Understanding how obesity affects immune function could reshape personalized medicine approaches, particularly as emerging evidence reveals that men and women experience fundamentally different immune consequences from excess weight. This insight challenges the one-size-fits-all approach to obesity treatment and suggests targeted interventions may yield superior outcomes.
The comprehensive analysis demonstrates that biological sex creates distinct patterns of fat distribution and inflammatory responses during obesity. Males and females show markedly different adipose tissue inflammation profiles and adipocytokine production, leading to sex-specific metabolic consequences. These differences extend beyond fat storage to encompass how obesity disrupts both innate and adaptive immune responses, affecting susceptibility to infections, vaccine effectiveness, autoimmune conditions, cancer risk, and cardiovascular disease.

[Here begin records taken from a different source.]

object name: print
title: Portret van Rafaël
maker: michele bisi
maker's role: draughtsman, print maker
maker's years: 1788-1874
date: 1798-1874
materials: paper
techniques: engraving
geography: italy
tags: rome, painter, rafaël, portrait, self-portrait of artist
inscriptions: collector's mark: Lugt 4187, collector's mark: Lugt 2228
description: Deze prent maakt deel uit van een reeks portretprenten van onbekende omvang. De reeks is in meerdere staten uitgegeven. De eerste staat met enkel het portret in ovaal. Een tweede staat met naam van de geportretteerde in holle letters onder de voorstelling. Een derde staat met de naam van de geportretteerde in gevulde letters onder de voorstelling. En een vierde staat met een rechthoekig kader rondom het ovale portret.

The mechanistic drivers include sex steroids and chromosome complements that influence where fat accumulates, how adipose tissue becomes inflamed, gut microbiota composition, and systemic inflammatory cascades. These biological factors create measurably different immune dysfunction patterns between sexes, yet remain largely overlooked in current obesity research protocols.
This represents a significant gap in translational medicine. Most preclinical and clinical obesity studies fail to adequately analyze sex-based differences, potentially missing crucial therapeutic targets. The review's synthesis of animal model data and human studies provides compelling evidence that sex-stratified research could unlock more effective obesity interventions. For health-conscious adults, this suggests that future obesity treatments, metabolic health strategies, and even preventive care recommendations may need gender-specific calibration to maximize effectiveness and minimize disease risk.